2026-03-05

The daily brief ran empty for two consecutive days in early March. The dedup stage was returning a dedup_rate of 100%. Every signal out of the news pipeline marked as a duplicate of something already in the database, every brief reduced to a header with no body.

The pipeline pulls from 50+ financial news sources every two hours, parses each article into structured signals (“Rocket Lab announced earnings of X,” “the FDA approved drug Y”), and runs dedup upstream of the synthesis LLM call so the brief doesn’t repeat itself across sources. Dedup is itself an LLM call: send a batch of signal IDs, get back groups of {canonical_id, duplicate_ids}, mark accordingly. The code took those IDs at face value.

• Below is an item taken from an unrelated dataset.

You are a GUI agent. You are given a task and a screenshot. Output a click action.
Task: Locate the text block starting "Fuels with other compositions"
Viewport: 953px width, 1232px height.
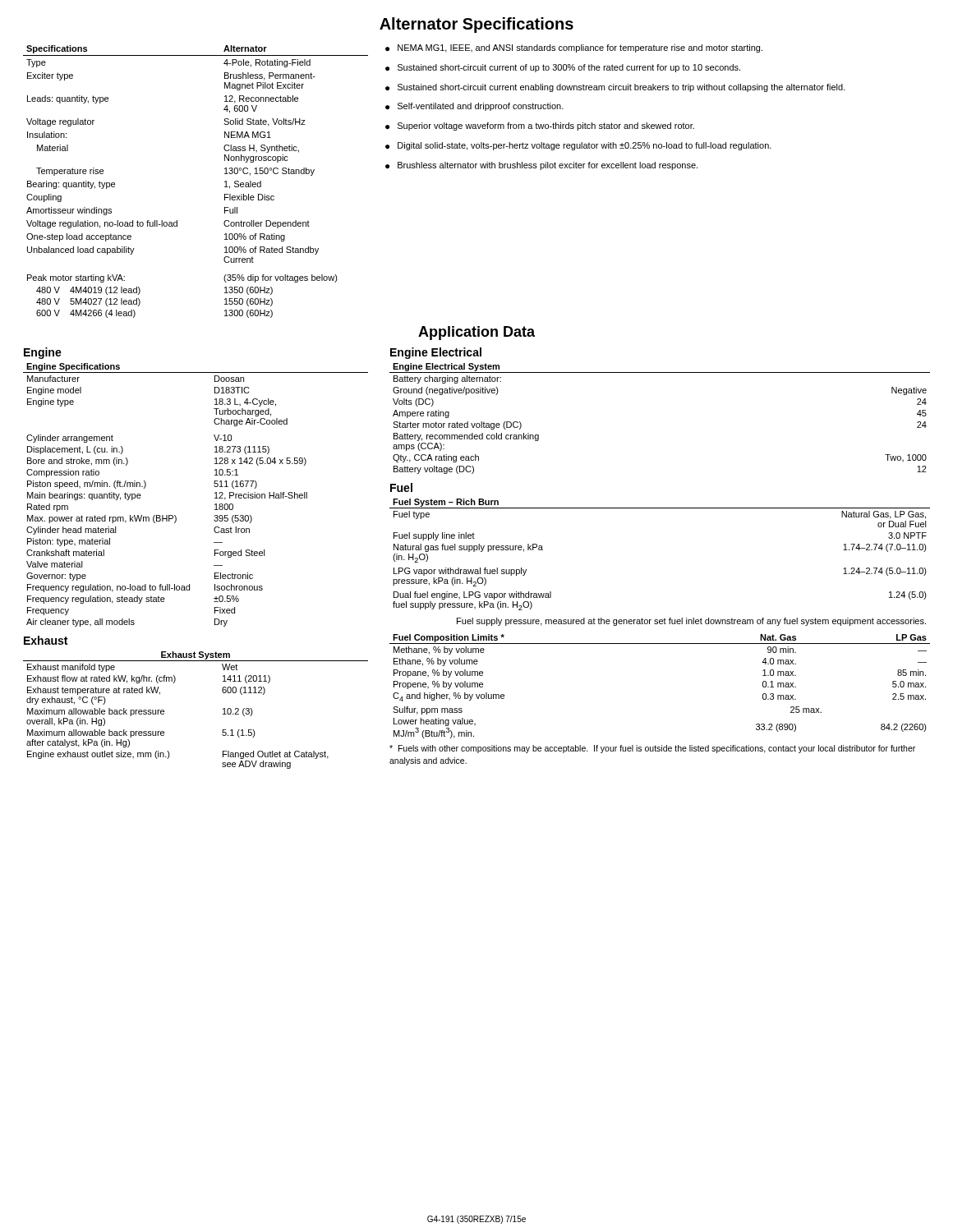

The model frequently returned canonical_id=1, a row from Feb 20 that had never appeared in any of the dedup batches that referenced it. Every group rooted at that ID quietly marked unrelated signals as duplicates of a row from two weeks ago. 1,714 signals false-deduped between Feb 20 and Mar 5. On Mar 3-4 the rate hit 100%.

canonical_id=1 pointed to a row in event_signals, a different table that the dedup pool never reads from. There was no path by which a legitimate dedup decision could ever produce that ID. The model was hallucinating IDs from prior context, and the join accepted them silently. The foreign key was constrained against the target table, not against the batch being deduped.

Fix is a one-line validation in dedup_signals(): check every LLM-returned ID against the batch’s valid_ids set before it touches the join column. Hallucinated canonical_id values cause the whole group to be skipped; hallucinated duplicate_ids inside an otherwise-valid group get filtered out. The repair cleared deduplicated_by for every signal pointing to an event_signals target, since those were definitionally wrong. The next brief surfaced ~640 signals that had been invisible for two weeks.

A foreign key constrained against the target table will accept any ID the model returns, as long as it exists somewhere. The constraint that catches the hallucination, that IDs must exist in this batch, is a per-call invariant, not a relational one, which means it has to live in application code at the boundary.